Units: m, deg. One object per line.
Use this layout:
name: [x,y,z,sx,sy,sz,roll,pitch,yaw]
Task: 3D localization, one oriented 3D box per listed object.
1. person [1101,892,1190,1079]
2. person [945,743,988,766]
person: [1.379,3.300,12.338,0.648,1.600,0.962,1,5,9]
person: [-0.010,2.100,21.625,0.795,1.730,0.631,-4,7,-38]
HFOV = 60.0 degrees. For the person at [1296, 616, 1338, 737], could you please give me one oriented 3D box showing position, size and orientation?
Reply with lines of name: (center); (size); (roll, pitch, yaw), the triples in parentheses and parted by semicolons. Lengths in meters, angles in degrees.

★ ★ ★ ★

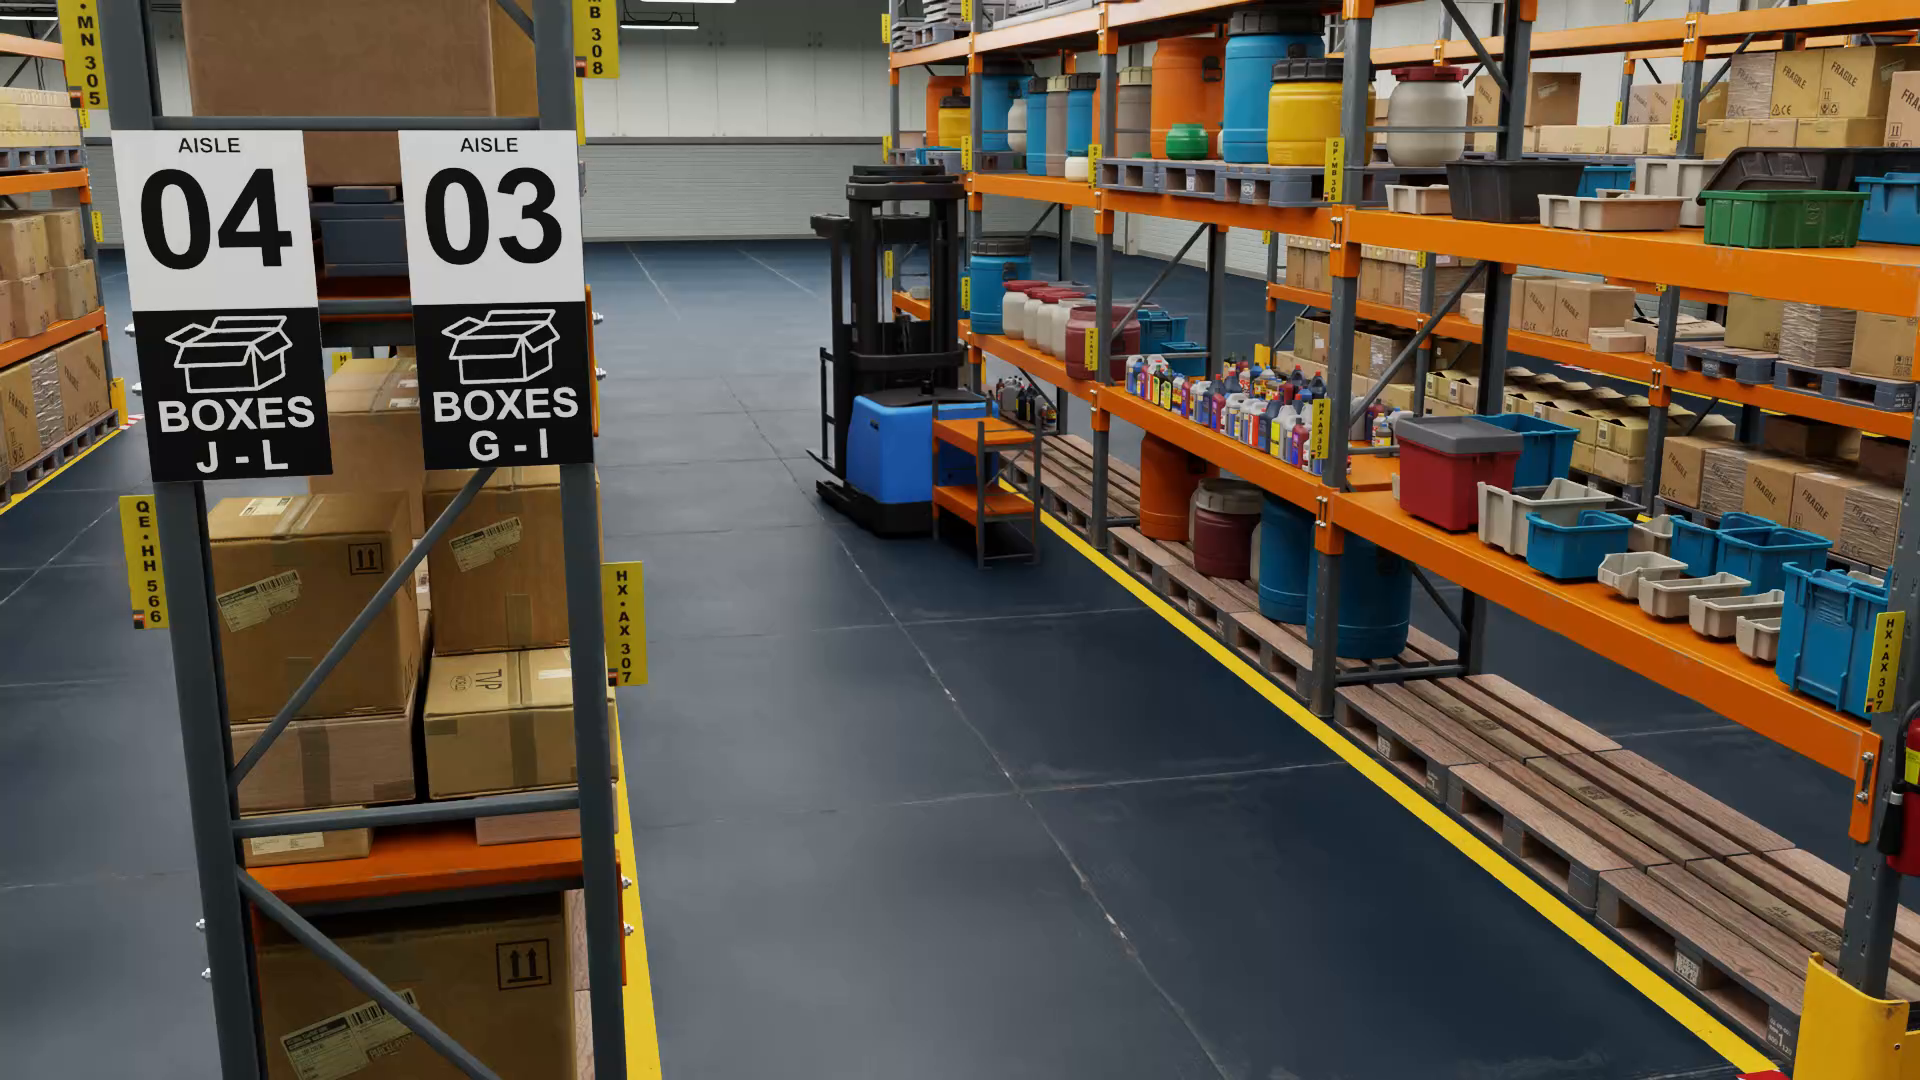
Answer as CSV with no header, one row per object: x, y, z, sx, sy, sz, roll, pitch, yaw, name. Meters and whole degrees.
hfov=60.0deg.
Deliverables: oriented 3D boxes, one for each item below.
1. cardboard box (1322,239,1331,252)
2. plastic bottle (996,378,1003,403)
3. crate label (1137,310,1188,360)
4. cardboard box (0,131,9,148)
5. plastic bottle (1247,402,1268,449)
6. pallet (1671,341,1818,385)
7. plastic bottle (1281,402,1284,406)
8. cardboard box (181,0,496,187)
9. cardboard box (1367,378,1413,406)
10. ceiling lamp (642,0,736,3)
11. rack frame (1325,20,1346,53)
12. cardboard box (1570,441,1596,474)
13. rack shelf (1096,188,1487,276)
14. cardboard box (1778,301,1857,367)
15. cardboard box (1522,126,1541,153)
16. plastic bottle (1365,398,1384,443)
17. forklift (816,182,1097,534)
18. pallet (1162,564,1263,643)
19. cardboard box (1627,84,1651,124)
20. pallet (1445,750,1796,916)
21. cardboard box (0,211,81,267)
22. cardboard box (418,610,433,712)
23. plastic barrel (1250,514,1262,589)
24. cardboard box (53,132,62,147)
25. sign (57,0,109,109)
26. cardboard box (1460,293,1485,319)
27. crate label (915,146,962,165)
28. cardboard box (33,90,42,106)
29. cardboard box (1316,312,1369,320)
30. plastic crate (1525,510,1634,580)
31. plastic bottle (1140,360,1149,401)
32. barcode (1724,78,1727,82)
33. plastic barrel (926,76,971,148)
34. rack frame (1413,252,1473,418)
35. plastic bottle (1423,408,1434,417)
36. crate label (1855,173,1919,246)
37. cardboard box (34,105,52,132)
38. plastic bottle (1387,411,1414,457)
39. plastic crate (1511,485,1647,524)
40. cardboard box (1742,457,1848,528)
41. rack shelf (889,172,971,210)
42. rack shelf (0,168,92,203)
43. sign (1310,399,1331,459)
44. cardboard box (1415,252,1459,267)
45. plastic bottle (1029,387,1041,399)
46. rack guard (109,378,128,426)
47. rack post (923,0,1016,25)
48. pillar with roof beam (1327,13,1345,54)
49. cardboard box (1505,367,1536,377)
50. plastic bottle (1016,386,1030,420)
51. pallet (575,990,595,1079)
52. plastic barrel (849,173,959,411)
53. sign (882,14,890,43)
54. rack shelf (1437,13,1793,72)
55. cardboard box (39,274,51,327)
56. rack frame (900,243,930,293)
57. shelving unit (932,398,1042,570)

★ ★ ★ ★

§ Exercise
From the data above, show each line that contains "oriented".

§ Answer below
Task: 3D localization, one oriented 3D box per listed object.
HFOV = 60.0 degrees. For the person at [1296, 616, 1338, 737], could you please give me one oriented 3D box showing position, size and orientation?
Deliverables: oriented 3D boxes, one for each item below.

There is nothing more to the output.